É pelas conclusões que se determina o objecto do recurso (arts.684º, nº 3 e 690º, nº1 do CPC), salvo quanto às questões de conhecimento oficioso ainda não decididas com trânsito em julgado.
Vejamos, pois, do seu mérito.

1-Em primeiro lugar não merece qualquer reparo a decisão quanto à questão da inadmissibilidade de outros articulados posteriores à contestação.
As partes envolveram-se claramente na apresentação de verdadeiros articulados ocasionados pela junção de documentos apresentados com a contestação da exequente, esquecendo que o processo segue, sem mais articulados a forma sumária de declaração (artº 817º nº 2 do CPC).

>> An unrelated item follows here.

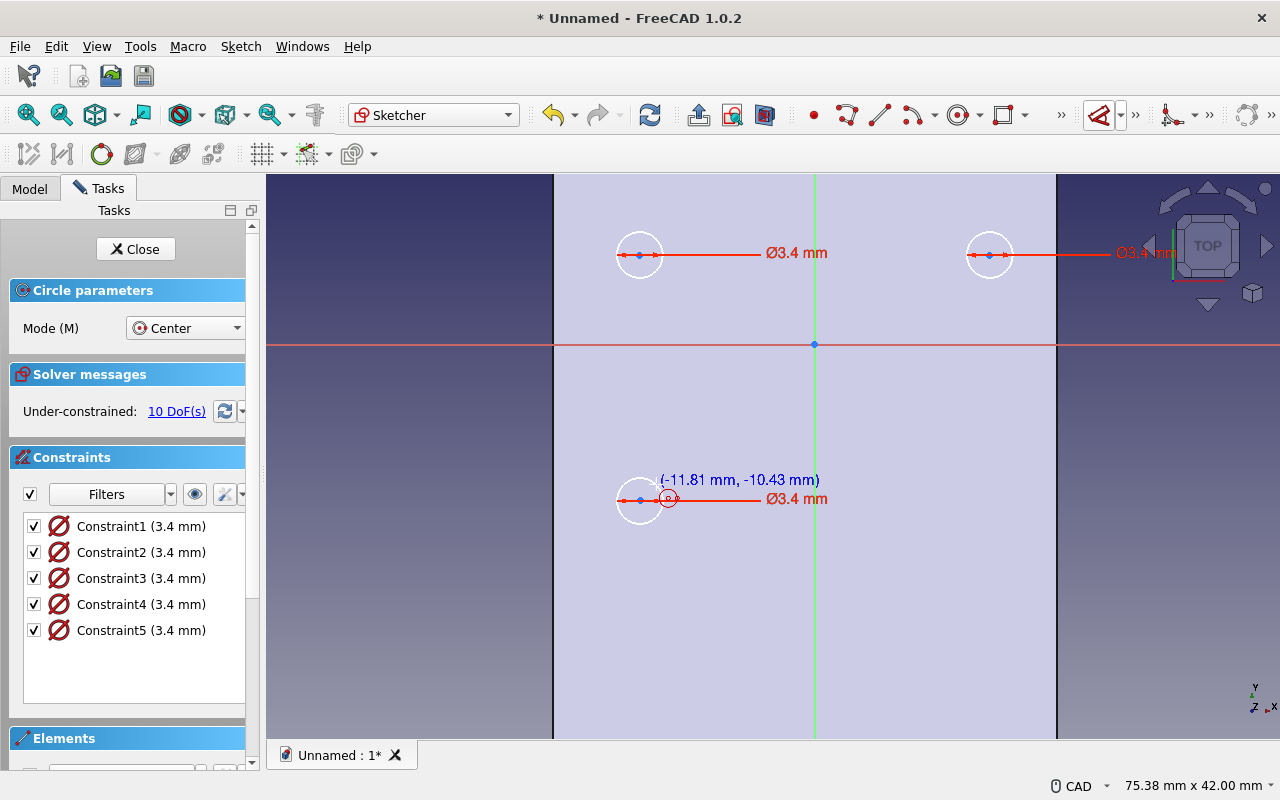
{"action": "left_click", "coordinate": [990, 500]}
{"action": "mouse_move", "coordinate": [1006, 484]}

Foi claramente explicitado na decisão preliminar serem inadmissíveis todos os articulados apresentados pelas partes posteriormente à contestação apresentada pela exequente, o que deu lugar ao seu correcto desentranhamento e sancionamento com base no princípio de que o juiz não deve admitir a prática de actos proibidos.
Por isso nesta parte do desentranhamento dos articulados posteriores à apresentação da contestação, confirmamos a decisão nos termos do artº 715º-nº 5 do CPC.

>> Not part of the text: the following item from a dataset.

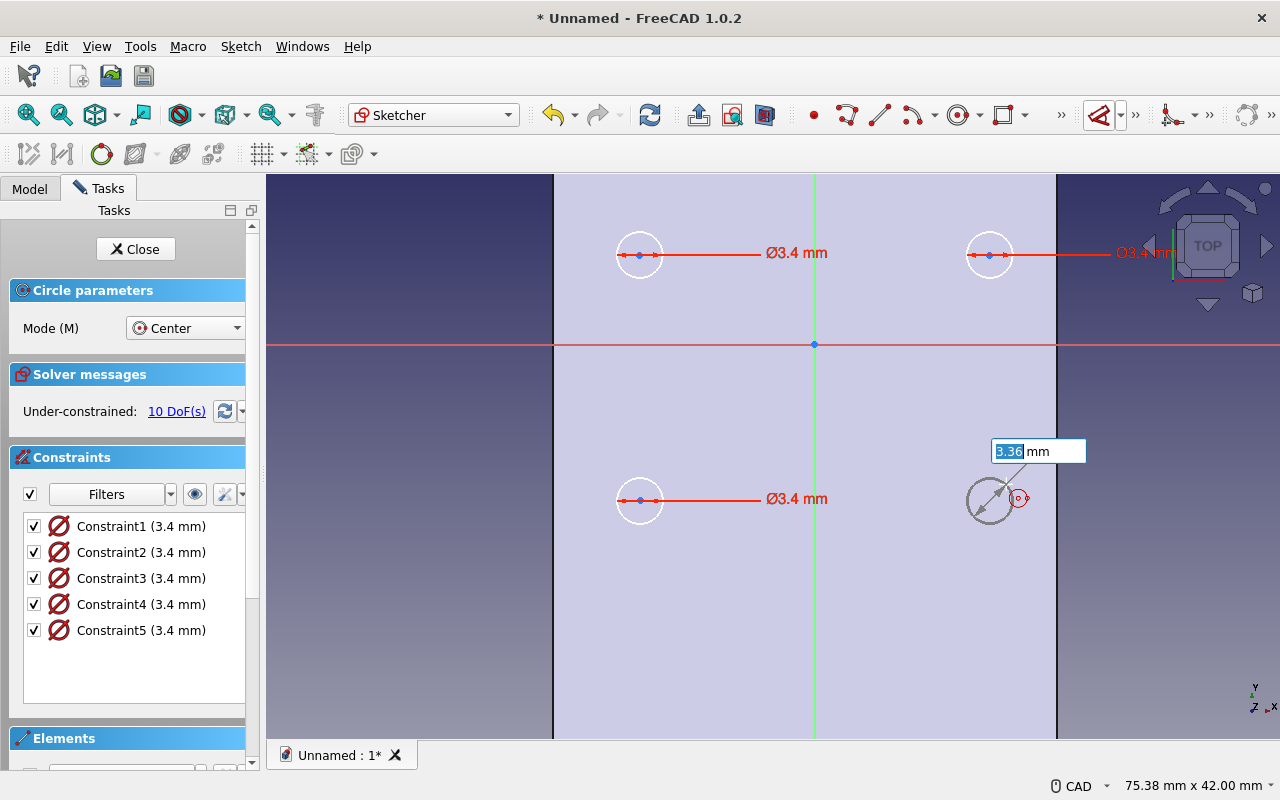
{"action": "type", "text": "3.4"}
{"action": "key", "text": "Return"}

2-Quanto à questão que se prende em particular com o desentranhamento dos documentos juntos ao processo apresentados pela exequente com a sua contestação (decisão que a exequente não impugnou) será apreciada abaixo ainda em sede de mérito da decisão, uma vez que os recorrentes também a impugnam na perspectiva da utilização do argumento de que não foram notificados das deliberações tomadas na assembleia de condóminos.
A pronúncia dos opoentes sobre os documentos só se justificará se não vier a considerar-se correcto o entendimento que foi seguido na sentença quanto à exequibilidade das actas sem mais.
Mas sobre isso nos iremos pronunciar.

3-Importa também salientar antes demais que os recorrentes embora não tendo estado presentes na assembleia de condóminos, não colocam aqui a regularidade da convocação para essa assembleia e do que aí foi deliberado.
Uma vez que não é impugnada esse pressuposto factual, vejamos então as questões que os recorrentes colocam relacionadas com a invocação que fazem de não terem sido notificados daquilo que foi deliberado na dita assembleia, dado que nela não estiveram presentes.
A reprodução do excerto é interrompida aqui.